Defining Methods
From: methods.go
9 type integer int 10 func (i integer) log() { 11 fmt.Printf("%d\n", i); 12 } 13 func (e *Example) Log() { 14 e.count++ 15 fmt.Printf("%d %s\n", e.count, e.Val) 16 }
If you’ve used a class-based language, then you are probably wondering why the last example didn’t define any methods defined on the structure. In Go, you may define methods on any concrete type that you define, not just on structures. The example at the start of this section defines two Log() methods—recall that the uppercase start letter makes them public—one on the structure defined in the last section and one on a named integer type.
The Go type system lets you assign any int to this named type without an explicit cast, but not vice versa. It also prevents you from assigning between two named types. This can be very useful for variables representing quantities. You could, for example, define kilometer and mile types and have the compiler reject any code where you attempted to assign one to the other.
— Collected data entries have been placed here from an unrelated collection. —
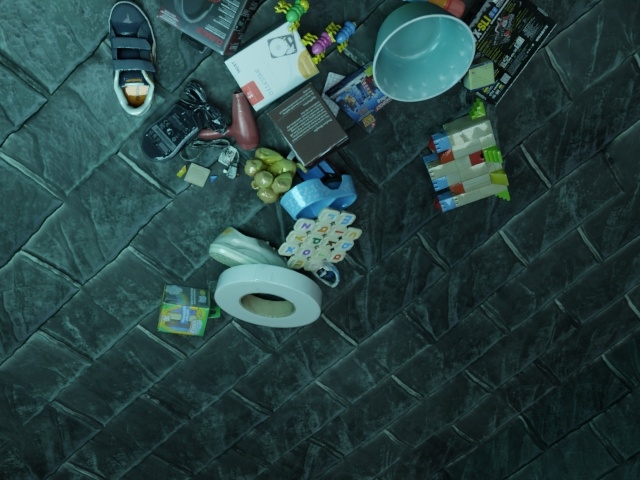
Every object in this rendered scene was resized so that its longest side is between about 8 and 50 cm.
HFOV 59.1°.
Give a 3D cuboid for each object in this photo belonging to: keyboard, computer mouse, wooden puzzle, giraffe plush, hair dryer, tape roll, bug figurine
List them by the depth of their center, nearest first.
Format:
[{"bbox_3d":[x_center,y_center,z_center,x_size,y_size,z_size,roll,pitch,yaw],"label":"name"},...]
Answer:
[{"bbox_3d":[-0.004,-0.658,1.657,0.279,0.072,0.216,48,63,-31],"label":"bug figurine"},{"bbox_3d":[-0.438,-0.347,1.773,0.272,0.072,0.188,-37,94,5],"label":"computer mouse"},{"bbox_3d":[-0.306,-0.343,1.808,0.224,0.080,0.293,25,111,-23],"label":"hair dryer"},{"bbox_3d":[0.021,-0.425,1.873,0.072,0.014,0.255,12,116,-18],"label":"keyboard"},{"bbox_3d":[-0.161,-0.200,1.884,0.181,0.210,0.170,43,137,12],"label":"giraffe plush"},{"bbox_3d":[-0.414,-0.220,1.893,0.116,0.014,0.078,28,114,-24],"label":"wooden puzzle"},{"bbox_3d":[-0.186,0.206,2.035,0.393,0.071,0.392,6,148,4],"label":"tape roll"}]

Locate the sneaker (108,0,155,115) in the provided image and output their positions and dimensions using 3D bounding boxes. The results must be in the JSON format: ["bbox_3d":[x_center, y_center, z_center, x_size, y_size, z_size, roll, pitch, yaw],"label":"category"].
[{"bbox_3d":[-0.539,-0.519,1.632,0.126,0.127,0.320,-6,119,-8],"label":"sneaker"}]

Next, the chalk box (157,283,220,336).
[{"bbox_3d":[-0.479,0.259,2.080,0.213,0.132,0.132,11,116,-17],"label":"chalk box"}]

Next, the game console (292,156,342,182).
[{"bbox_3d":[-0.018,-0.240,1.931,0.085,0.124,0.144,-51,121,-13],"label":"game console"}]

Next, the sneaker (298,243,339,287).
[{"bbox_3d":[-0.011,0.089,2.116,0.085,0.086,0.237,-42,118,14],"label":"sneaker"}]

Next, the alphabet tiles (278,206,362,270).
[{"bbox_3d":[0.000,0.000,1.971,0.278,0.021,0.284,9,129,-36],"label":"alphabet tiles"}]

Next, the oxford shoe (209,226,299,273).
[{"bbox_3d":[-0.187,0.079,2.045,0.450,0.169,0.130,29,66,-27],"label":"oxford shoe"}]

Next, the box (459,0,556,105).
[{"bbox_3d":[0.565,-0.640,1.836,0.257,0.079,0.322,26,111,-22],"label":"box"}]

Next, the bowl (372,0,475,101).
[{"bbox_3d":[0.294,-0.593,1.718,0.312,0.163,0.311,-8,146,-6],"label":"bowl"}]

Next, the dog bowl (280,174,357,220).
[{"bbox_3d":[0.005,-0.140,1.900,0.297,0.074,0.166,-14,159,-44],"label":"dog bowl"}]

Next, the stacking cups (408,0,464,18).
[{"bbox_3d":[0.296,-0.757,1.700,0.317,0.096,0.096,13,115,-20],"label":"stacking cups"}]

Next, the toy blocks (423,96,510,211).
[{"bbox_3d":[0.489,-0.271,1.988,0.261,0.190,0.381,-19,124,12],"label":"toy blocks"}]

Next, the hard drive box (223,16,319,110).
[{"bbox_3d":[-0.150,-0.538,1.727,0.232,0.089,0.181,-31,120,6],"label":"hard drive box"}]

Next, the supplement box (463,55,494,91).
[{"bbox_3d":[0.505,-0.532,1.807,0.083,0.056,0.083,-17,122,-2],"label":"supplement box"}]

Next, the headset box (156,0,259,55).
[{"bbox_3d":[-0.297,-0.670,1.565,0.218,0.110,0.293,31,111,0],"label":"headset box"}]

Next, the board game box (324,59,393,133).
[{"bbox_3d":[0.147,-0.459,1.852,0.194,0.060,0.194,-36,124,3],"label":"board game box"}]

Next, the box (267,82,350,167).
[{"bbox_3d":[-0.032,-0.352,1.769,0.169,0.167,0.203,-34,91,7],"label":"box"}]
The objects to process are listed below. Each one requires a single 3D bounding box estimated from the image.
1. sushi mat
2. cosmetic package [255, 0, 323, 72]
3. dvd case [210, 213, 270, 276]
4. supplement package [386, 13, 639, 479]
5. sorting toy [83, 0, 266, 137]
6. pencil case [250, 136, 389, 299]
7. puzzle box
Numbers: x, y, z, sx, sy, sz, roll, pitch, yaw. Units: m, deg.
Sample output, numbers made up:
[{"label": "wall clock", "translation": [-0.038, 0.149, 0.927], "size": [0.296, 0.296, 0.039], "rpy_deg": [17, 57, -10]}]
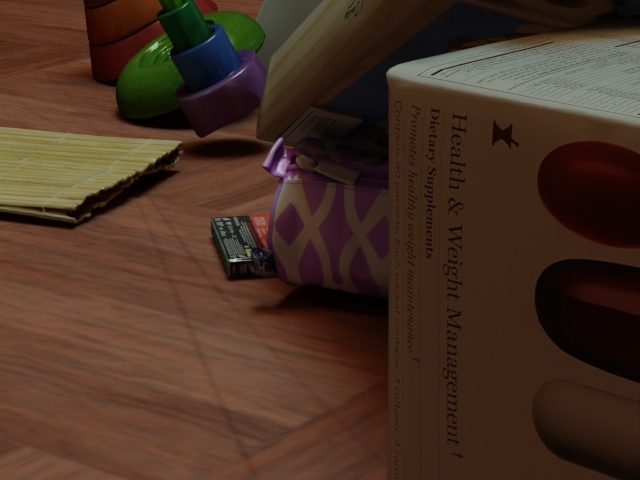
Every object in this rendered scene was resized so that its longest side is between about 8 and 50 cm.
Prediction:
[{"label": "sushi mat", "translation": [-0.261, -0.054, 1.218], "size": [0.316, 0.019, 0.151], "rpy_deg": [7, 19, 23]}, {"label": "cosmetic package", "translation": [0.027, -0.222, 1.402], "size": [0.099, 0.239, 0.060], "rpy_deg": [-20, 56, -45]}, {"label": "dvd case", "translation": [0.000, 0.000, 1.045], "size": [0.119, 0.013, 0.087], "rpy_deg": [-5, 17, -10]}, {"label": "supplement package", "translation": [0.142, 0.038, 0.603], "size": [0.149, 0.194, 0.203], "rpy_deg": [-17, 23, -42]}, {"label": "sorting toy", "translation": [-0.132, -0.182, 1.392], "size": [0.127, 0.126, 0.365], "rpy_deg": [-32, 23, -6]}, {"label": "pencil case", "translation": [0.072, -0.010, 0.940], "size": [0.206, 0.088, 0.086], "rpy_deg": [6, 44, 16]}, {"label": "puzzle box", "translation": [0.144, -0.079, 0.853], "size": [0.272, 0.052, 0.409], "rpy_deg": [12, -11, -12]}]

You cannot add methods to existing types—Go does not have an equivalent of Objective-C categories—but you can define new named types and add methods to them.
Methods are declared just like functions, except that there is one extra parameter—the receiver—declared before the function name. One of the interesting syntactic quirks of Go is that there is no this or self keyword. You can give the receiver any name that you want, and this name does not have to be consistent between methods. This idea comes from Oberon-2 and should be popular with people who like the “no magic” philosophy of languages like Objective-C: the receiver is not an implicit hidden parameter that the compiler inserts; it is an explicit parameter just like any other.
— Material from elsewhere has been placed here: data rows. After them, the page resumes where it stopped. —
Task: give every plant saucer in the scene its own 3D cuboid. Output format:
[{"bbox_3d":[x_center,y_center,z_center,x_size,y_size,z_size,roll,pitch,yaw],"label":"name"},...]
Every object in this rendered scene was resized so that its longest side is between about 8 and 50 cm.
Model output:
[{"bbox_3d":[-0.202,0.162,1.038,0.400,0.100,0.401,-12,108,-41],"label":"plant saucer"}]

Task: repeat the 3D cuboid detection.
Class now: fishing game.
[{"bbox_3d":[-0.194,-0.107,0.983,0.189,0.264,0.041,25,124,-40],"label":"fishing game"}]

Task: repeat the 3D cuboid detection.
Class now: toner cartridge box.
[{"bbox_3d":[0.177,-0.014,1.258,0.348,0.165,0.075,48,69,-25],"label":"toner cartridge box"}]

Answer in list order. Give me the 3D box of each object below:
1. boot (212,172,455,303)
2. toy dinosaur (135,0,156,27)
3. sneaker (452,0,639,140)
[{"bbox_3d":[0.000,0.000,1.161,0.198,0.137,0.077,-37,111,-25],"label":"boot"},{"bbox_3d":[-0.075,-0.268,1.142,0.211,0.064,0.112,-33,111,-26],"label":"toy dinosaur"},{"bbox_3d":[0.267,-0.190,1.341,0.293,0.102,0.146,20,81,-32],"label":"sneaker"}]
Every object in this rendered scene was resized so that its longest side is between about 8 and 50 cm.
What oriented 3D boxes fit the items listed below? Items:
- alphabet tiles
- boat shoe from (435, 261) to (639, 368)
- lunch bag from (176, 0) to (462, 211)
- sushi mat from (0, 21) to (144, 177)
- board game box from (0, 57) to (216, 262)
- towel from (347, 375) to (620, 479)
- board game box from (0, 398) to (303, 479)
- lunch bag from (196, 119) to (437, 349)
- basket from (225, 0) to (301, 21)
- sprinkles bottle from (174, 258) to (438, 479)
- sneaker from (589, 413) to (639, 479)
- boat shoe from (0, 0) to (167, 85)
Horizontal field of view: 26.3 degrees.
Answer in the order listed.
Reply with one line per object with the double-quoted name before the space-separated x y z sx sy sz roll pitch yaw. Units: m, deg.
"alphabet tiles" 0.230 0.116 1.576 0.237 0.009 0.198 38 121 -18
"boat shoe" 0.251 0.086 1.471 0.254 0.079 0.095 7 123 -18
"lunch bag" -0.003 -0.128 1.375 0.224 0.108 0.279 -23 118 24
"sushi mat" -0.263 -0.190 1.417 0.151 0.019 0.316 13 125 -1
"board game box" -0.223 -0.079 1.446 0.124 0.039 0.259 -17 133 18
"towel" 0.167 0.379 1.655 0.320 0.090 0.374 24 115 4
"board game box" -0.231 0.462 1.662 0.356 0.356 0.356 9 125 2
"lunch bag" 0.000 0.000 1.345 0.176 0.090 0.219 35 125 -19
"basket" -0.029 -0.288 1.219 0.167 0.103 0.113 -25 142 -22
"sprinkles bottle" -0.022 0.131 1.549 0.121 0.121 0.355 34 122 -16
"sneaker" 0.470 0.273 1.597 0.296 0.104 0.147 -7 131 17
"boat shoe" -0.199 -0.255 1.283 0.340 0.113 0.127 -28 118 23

The method on the structure in the example at the start of this section takes a pointer as the receiver. This means that it can modify fields of the receiver and these changes will be shared. Methods do not have to take pointers: the other method in the example takes a value. If a method takes a value type, then it can still be called with either a value or a pointer, but it will receive a copy of the structure, so changes that it makes will not be visible from the caller.
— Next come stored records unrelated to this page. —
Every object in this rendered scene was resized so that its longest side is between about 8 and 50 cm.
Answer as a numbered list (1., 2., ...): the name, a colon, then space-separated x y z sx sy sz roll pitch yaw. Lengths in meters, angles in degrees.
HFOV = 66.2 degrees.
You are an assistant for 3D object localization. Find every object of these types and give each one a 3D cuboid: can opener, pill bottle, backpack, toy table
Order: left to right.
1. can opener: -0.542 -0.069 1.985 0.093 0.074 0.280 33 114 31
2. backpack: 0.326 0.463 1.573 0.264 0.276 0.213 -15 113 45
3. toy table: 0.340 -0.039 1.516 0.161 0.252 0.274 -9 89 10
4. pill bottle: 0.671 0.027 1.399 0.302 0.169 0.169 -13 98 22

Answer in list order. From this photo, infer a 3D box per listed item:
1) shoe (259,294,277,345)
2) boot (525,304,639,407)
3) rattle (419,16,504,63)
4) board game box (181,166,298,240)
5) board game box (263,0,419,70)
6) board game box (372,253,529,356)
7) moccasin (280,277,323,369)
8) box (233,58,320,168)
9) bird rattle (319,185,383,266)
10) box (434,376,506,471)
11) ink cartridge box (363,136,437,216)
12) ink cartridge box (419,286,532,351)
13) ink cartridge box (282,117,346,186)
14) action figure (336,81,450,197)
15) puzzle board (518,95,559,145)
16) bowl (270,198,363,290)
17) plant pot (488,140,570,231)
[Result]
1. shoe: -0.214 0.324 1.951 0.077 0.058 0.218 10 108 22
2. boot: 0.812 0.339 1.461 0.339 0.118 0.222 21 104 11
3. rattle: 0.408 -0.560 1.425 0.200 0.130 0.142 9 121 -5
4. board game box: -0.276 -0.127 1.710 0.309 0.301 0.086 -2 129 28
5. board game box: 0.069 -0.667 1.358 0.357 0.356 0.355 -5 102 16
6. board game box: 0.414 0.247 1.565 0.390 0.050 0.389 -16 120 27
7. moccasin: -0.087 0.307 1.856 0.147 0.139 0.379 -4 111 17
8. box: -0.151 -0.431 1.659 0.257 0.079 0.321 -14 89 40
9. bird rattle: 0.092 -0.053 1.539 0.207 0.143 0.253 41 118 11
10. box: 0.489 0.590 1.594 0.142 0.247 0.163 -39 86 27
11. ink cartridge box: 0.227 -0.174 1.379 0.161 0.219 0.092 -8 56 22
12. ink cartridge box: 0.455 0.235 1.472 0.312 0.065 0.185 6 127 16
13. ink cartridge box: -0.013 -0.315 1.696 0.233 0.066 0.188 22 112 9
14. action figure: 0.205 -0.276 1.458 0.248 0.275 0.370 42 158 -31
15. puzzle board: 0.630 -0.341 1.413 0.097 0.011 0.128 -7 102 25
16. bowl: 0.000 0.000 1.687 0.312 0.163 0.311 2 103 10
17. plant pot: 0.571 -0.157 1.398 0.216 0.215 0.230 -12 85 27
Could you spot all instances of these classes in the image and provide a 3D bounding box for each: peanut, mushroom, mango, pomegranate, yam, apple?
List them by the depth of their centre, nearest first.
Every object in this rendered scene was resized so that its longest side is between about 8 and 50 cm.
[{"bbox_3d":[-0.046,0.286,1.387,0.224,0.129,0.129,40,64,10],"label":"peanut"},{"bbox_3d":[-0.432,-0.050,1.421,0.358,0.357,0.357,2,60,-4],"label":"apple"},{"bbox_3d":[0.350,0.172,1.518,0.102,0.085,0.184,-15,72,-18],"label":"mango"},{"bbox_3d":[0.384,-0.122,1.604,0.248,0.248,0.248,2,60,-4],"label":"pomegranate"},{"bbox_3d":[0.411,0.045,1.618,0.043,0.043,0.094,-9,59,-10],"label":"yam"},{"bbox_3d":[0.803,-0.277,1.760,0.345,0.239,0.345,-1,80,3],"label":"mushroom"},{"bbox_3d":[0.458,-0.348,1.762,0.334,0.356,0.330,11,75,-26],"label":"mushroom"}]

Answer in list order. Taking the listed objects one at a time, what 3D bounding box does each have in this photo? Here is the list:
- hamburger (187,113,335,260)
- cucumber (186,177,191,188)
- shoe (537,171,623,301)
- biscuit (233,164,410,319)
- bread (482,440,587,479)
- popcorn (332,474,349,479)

When talking about expressions with an explicit type, methods are just functions. You call a method on a structure by using the dot notation, and you declare the parameter that declares how the structure is passed to the method in a special way, but this is just some syntactic sugar. Methods called in this way are semantically equivalent to functions that just take the receiver as an argument: they are statically resolved and are just function calls.
That’s not the real power of methods, though. When you call a method via an interface (described in the next section), you get late-bound dynamic lookup. This dual nature of Go methods means that you have a single abstraction that can be used in the same way as either C types or Smalltalk objects. If you require performance, then you can use statically typed definitions and avoid the dynamic lookup. If you require flexibility, then you can use the late binding mechanism of interfaces.